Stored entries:
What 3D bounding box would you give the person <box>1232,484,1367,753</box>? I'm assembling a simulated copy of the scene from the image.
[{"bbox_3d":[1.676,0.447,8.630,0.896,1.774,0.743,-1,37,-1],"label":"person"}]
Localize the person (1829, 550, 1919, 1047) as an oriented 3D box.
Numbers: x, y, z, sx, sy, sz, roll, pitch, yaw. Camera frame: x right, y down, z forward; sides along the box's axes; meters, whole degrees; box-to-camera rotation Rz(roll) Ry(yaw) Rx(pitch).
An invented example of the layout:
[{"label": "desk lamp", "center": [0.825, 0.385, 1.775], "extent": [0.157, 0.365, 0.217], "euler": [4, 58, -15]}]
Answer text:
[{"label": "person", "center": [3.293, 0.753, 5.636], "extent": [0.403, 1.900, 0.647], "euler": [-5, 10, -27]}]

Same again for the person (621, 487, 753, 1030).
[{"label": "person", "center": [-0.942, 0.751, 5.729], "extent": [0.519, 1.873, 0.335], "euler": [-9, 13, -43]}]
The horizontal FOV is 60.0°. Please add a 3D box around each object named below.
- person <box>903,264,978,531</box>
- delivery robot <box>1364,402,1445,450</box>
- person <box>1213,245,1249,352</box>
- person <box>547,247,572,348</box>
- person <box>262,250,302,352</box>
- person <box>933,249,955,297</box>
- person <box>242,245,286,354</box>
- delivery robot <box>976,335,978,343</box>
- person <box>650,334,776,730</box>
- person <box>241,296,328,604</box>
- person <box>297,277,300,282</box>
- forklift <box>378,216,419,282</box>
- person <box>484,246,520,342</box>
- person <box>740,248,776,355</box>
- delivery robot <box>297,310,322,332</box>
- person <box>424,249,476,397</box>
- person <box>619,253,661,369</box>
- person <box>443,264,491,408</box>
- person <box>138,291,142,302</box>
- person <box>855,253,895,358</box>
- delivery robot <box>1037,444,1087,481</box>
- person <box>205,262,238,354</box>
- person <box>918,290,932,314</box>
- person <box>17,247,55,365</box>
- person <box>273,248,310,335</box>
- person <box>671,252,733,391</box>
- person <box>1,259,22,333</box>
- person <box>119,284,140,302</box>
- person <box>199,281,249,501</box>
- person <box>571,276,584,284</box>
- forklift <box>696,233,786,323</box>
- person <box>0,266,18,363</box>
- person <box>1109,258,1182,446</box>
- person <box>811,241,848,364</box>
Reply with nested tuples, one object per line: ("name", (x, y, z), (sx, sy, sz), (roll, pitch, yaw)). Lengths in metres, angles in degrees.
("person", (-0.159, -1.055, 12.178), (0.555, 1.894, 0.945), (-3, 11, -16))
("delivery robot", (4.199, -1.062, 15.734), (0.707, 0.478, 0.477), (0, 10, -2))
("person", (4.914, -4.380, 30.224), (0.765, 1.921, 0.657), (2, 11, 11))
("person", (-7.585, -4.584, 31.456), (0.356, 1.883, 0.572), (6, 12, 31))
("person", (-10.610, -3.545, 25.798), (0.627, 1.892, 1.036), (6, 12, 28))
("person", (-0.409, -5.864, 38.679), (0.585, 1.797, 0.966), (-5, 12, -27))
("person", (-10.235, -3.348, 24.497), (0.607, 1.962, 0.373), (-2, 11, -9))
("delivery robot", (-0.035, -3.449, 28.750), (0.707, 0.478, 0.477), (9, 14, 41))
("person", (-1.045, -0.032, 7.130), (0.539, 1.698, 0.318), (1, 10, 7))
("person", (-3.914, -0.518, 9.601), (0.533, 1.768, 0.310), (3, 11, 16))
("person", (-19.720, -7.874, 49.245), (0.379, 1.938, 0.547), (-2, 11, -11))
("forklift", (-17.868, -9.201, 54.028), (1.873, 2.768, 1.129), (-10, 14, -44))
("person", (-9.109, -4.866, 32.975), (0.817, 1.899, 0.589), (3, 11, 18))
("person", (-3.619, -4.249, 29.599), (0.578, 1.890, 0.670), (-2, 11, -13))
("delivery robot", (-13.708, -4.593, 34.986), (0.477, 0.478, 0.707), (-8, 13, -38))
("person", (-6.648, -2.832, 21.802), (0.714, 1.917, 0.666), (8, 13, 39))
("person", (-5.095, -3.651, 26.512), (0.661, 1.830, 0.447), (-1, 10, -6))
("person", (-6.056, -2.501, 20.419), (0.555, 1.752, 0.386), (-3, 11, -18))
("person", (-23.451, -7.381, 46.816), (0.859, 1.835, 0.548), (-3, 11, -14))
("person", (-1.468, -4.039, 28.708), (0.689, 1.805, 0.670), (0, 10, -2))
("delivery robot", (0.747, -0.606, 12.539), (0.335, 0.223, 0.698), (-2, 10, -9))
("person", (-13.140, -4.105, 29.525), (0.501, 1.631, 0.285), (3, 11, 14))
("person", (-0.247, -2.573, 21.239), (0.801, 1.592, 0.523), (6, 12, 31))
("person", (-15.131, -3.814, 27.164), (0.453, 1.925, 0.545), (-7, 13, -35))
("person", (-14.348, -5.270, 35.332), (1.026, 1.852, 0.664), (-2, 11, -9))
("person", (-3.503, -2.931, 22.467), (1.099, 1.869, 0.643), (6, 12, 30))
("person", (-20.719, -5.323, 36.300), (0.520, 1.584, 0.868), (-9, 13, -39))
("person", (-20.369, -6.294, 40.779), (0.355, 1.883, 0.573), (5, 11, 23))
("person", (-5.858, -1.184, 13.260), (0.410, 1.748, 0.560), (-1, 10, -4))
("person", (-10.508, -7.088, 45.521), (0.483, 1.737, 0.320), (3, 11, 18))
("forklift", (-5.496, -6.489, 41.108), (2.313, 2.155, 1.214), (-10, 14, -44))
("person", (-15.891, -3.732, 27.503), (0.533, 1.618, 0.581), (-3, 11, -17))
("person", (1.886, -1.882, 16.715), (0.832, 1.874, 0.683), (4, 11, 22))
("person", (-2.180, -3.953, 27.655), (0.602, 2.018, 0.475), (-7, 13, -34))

* _YOUR INSTRUCTIONS_
Write down again the exact lines running from the beginning of the data to the line containing "Localize the person", with both ends included.

* _EXERCISE RESPONSE_
What 3D bounding box would you give the person <box>1232,484,1367,753</box>? I'm assembling a simulated copy of the scene from the image.
[{"bbox_3d":[1.676,0.447,8.630,0.896,1.774,0.743,-1,37,-1],"label":"person"}]
Localize the person (1829, 550, 1919, 1047) as an oriented 3D box.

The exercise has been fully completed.